Financing this expansion of services is a new $75 million round of financing from investors led by Oak HC/FT, with participation from Optum Ventures, TI Platform Management, Sound Ventures and Y Combinator.

“With the change in reimbursement for telemedicine, it changed the trajectory of the direct to consumer companies,” said Annie Lamot, the co-founder and managing director of new lead investors Oak HC/FT. “When we talked to every one of them they all seemed to be using Truepill.”

With its expansion into lab testing, Truepill can provide a full suite of services that used to be confined to the doctor’s office remotely. As more patients adjust to remote delivery of care, these kinds of options will become more attractive.

The move to telemedicine isn’t just something for new entrants either. Incumbents are also finding that they need to provide the same care as their direct to consumer competition, especially as the priority shifts to value-based care rather than fees for services on the reimbursement side — and consumers start demanding lower cost options on the direct pay side.

“I think it enables health plans to provide better care in targeted programs,” said Lamont, a longtime investor in healthcare.
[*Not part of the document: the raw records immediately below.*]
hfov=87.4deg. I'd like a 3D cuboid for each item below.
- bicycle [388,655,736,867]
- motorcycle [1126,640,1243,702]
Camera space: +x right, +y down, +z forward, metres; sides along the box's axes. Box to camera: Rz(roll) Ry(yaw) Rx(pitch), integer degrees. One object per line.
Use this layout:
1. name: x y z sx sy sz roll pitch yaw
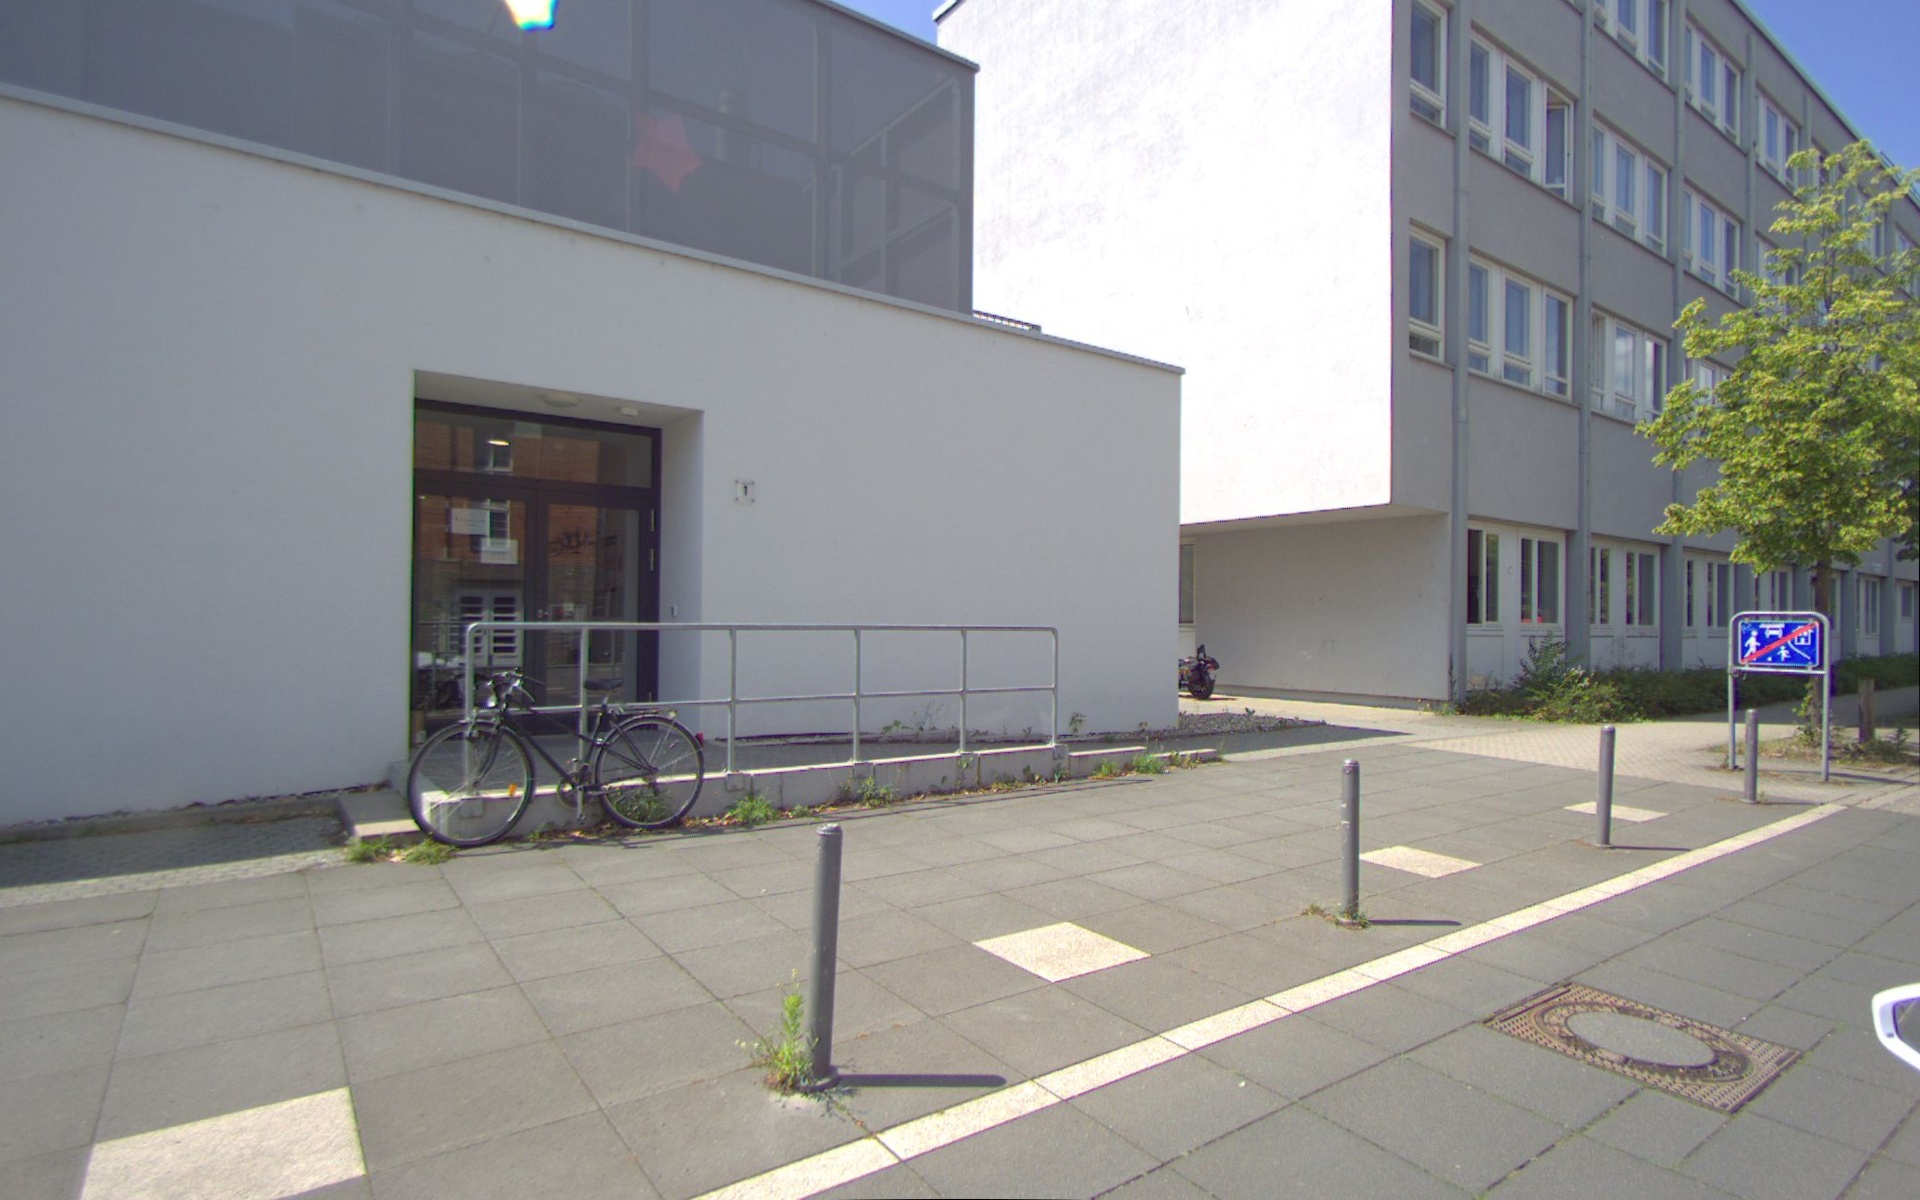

Truepill’s executives certainly hope so.

The two co-founders, Umar Afridi and Sid Viswanathan met over LinkedIn where Viswanathan cold-emailed Afridi. At the time, Afridi was working as a pharmacist filling prescriptions at a Fred Meyer near Seattle).

Initially, Truepill’s growth came from acting as the pharmacist to companies like Hims, Ro, Nurx, and other direct-to-consumer healthcare companies focused on serving the elective health needs of people who wanted hair loss treatments, erectile dysfunction medication, and birth control.

Image Credits: Truepill

As the company has grown, so have its ambitions. By the end of the year, Truepill expects to book up to $175 million in revenue, according to Viswanathan, and that revenue will come from a more evenly distributed mix of customers among direct to consumer companies, insurance companies, and healthcare providers.

“Everything we do is white labeled from our pharmacy to the lab testing component. You can go to teladoc and use that service. What we like to think early. 80 percent of healthcare is going to happen on a digital channel.. We’re in a perfect position to build the platform company in that space,” Viswanathan said. 

At-home testing is a critical component of that platform. Expected to launch before the end of the year, Truepill is working with lab testing providers to offer hundreds of at-home tests. The company said it will focus on tests to manage chronic conditions like diabetes, heart disease, chronic kidney disease. Incidentally these are areas which have attracted a lot of interest from investors who are backing companies that provide direct to consumer or digital therapeutic solutions to treat or help address these conditions.

“To create a comprehensive, effective digital healthcare experience, there are three essential pillars: pharmacy with extensive insurance coverage, at-home lab testing and telehealth,” said Viswanathan, in a statement. “By adding diagnostics to our suite of solutions, we’ll be able to deliver direct-to-patient healthcare at scale through one platform – Truepill. We envision a future where 80% of healthcare is digital. With diagnostics, telehealth and pharmacy built on our foundation of API-connected infrastructure, Truepill will power that reality.”